Our regression estimates suggest that the effects
were economically sizable. Reacting ten days earlier to the arrival of the
pandemic in a given city increased manufacturing employment by around 5 percent
in the post-pandemic period. Likewise, implementing NPIs for an additional
fifty days increased manufacturing employment by 6.5 percent after the
pandemic.
Our findings are subject to the concern that
policy responses are endogenous and may be driven by factors that are related
to future economic outcomes, such as the baseline exposure of cities to
flu-related mortality, as well as differences in the quality of local
institutions and healthcare. This concern is somewhat mitigated by an insight
from the epidemiology literature: cities that were hit by later waves of the
pandemic—that is, those farther west—appear to have implemented NPIs faster,
having learned from the experiences of other cities (Hatchett et al. 2007).

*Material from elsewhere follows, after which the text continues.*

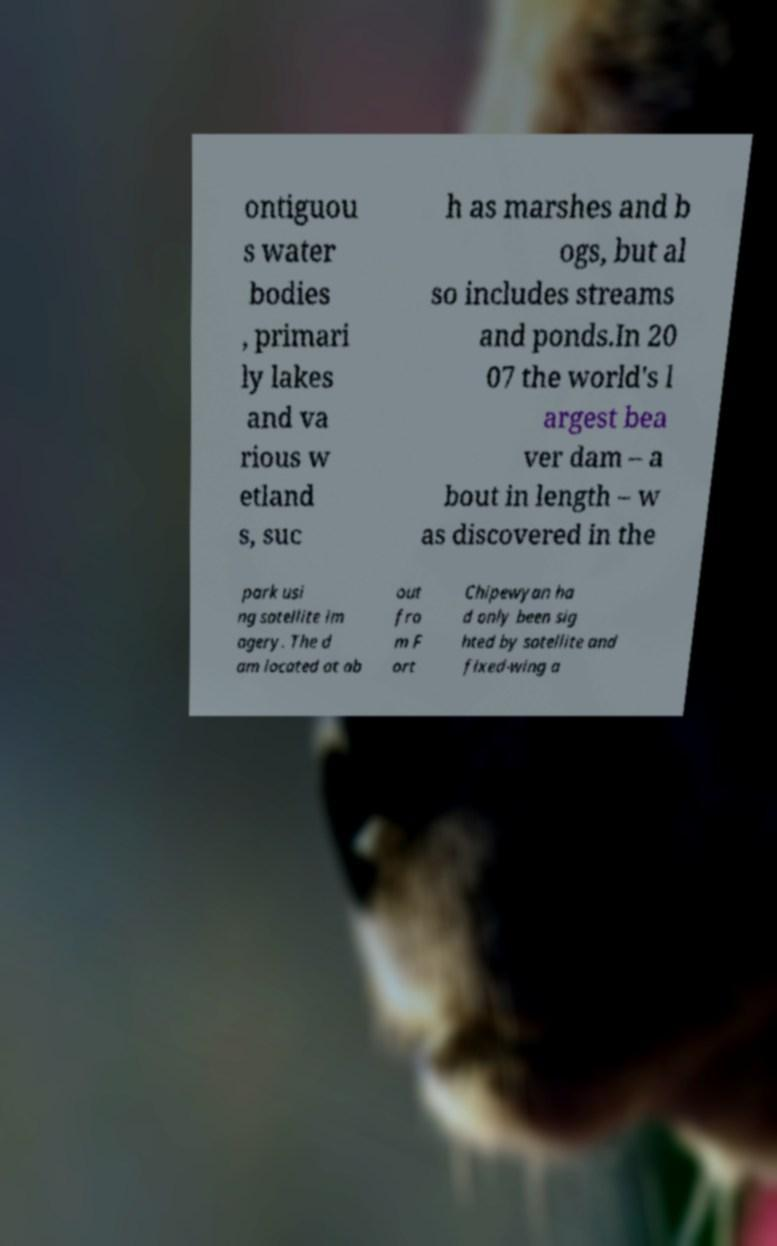Can you read and provide the text displayed in the image?This photo seems to have some interesting text. Can you extract and type it out for me? ontiguou s water bodies , primari ly lakes and va rious w etland s, suc h as marshes and b ogs, but al so includes streams and ponds.In 20 07 the world's l argest bea ver dam – a bout in length – w as discovered in the park usi ng satellite im agery. The d am located at ab out fro m F ort Chipewyan ha d only been sig hted by satellite and fixed-wing a 
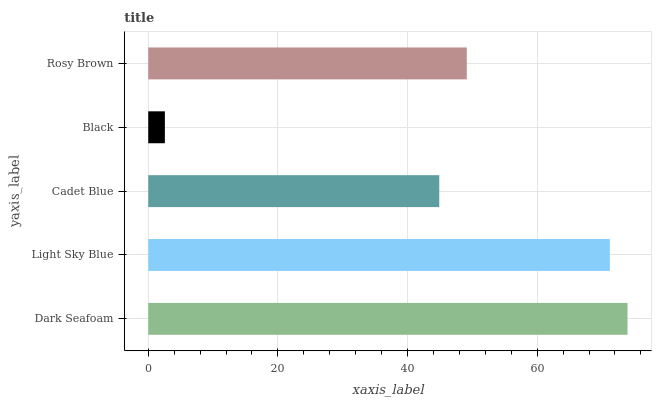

Thus, as the flu moved from east to west, cities were much faster to implement
NPIs. The map below shows the intensity of local NPIs for the cities in our
sample, with cities in the west clearly responding to the arrival of the
pandemic with tighter NPIs. Importantly, we thus also show that our results are
robust when controlling for time-varying shocks that are correlated with the
differing characteristics of western and eastern cities, such as exposure to
agricultural shocks.
Due to the lack of higher frequency data, we
cannot pinpoint the exact dynamics and mechanism through which NPIs mitigate
the adverse economic consequences of a pandemic. However, the patterns we
identify in the data suggest that timely and aggressive NPIs can limit the most
disruptive economic effects of an influenza pandemic. The epidemiology
literature finds that early public health interventions reduce peak mortality
rates—flattening the curve—and lower cumulative mortality rates (Markel et al.
2007, Bootsmaa et al. 2007). Because pandemics are highly disruptive to the
local economy, these efforts can mitigate the abrupt disruptions to economic
activity that result from such shocks. As a result, the swift implementation of
NPIs can also contribute to “flattening the economic curve,” reinforcing the
effects of more traditional economic policy interventions (Gourinchas 2020).
Anecdotal evidence suggests that our results have
parallels in the COVID-19 outbreak. Governments that implemented NPIs swiftly,
such as those in Taiwan, China and Singapore, have not only limited infection
growth; they also appear to have mitigated the worst economic disruption caused
by the pandemic. For example, economist Danny Quah notes that Singapore's
management of COVID-19 has avoided major disruptions to economic activity
without leading to a sharp increase in infections through the use of forceful,
early interventions. Therefore, well-calibrated, early, and forceful NPIs
should not be seen as having major economic costs in a pandemic.
Altogether, our evidence implies that it’s the
pandemic and the associated spike in mortality that constitute the shock to the
economy. To the extent that NPIs are a means to attack the root of the problem,
mortality, they can also save the economy.